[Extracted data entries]
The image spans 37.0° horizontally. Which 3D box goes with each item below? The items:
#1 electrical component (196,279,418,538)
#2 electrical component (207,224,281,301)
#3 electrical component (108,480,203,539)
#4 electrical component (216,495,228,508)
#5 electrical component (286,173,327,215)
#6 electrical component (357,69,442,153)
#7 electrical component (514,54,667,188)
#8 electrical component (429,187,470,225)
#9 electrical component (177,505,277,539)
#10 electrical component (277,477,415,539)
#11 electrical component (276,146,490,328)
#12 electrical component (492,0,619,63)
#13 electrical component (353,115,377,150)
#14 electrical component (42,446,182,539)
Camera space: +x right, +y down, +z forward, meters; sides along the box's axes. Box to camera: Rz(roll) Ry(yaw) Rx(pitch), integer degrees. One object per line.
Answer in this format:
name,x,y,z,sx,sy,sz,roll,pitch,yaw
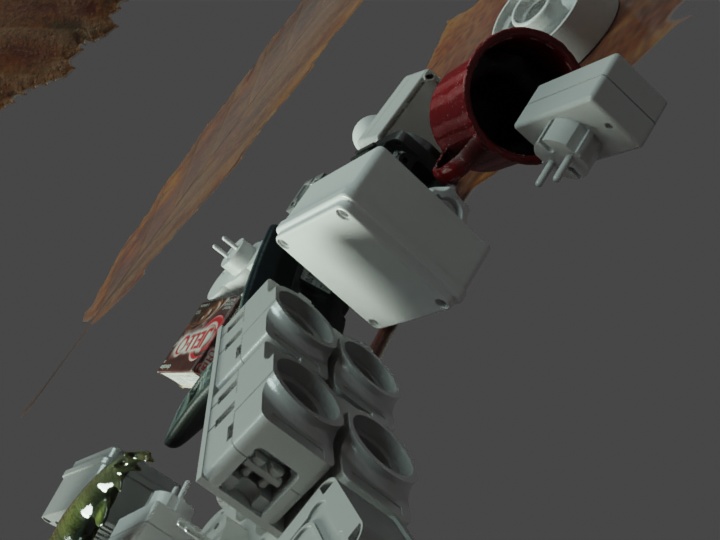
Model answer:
electrical component,-0.030,0.084,0.642,0.060,0.105,0.186,-47,17,14
electrical component,-0.119,-0.008,1.115,0.138,0.074,0.052,-35,23,42
electrical component,-0.151,0.195,0.822,0.066,0.047,0.076,-33,25,45
electrical component,-0.072,0.137,0.746,0.043,0.043,0.081,-41,19,29
electrical component,-0.032,-0.057,1.025,0.048,0.055,0.066,-58,18,-22
electrical component,0.052,-0.130,0.952,0.096,0.062,0.061,-54,17,-10
electrical component,0.133,-0.082,0.668,0.075,0.047,0.083,-57,18,-18
electrical component,0.048,-0.034,0.792,0.062,0.043,0.043,-29,28,53
electrical component,-0.077,0.170,0.638,0.052,0.074,0.138,-56,17,-15
electrical component,-0.019,0.168,0.519,0.113,0.057,0.078,-51,17,-1
electrical component,0.014,-0.019,0.739,0.056,0.109,0.109,-56,17,-26
electrical component,0.155,-0.191,0.852,0.099,0.064,0.099,-35,36,31
electrical component,0.017,-0.122,1.063,0.044,0.044,0.065,-46,22,16
electrical component,-0.212,0.199,0.919,0.113,0.078,0.057,-27,32,53

## WHAT THE TASK REQUIRES
Set down exactly the lines of the data above, beginning with the line that has "#6 electrical component (357,69,442,153)" and ending with the line that has "#12 electrical component (492,0,619,63)", and no others.

## EXPECTED OUTPUT
#6 electrical component (357,69,442,153)
#7 electrical component (514,54,667,188)
#8 electrical component (429,187,470,225)
#9 electrical component (177,505,277,539)
#10 electrical component (277,477,415,539)
#11 electrical component (276,146,490,328)
#12 electrical component (492,0,619,63)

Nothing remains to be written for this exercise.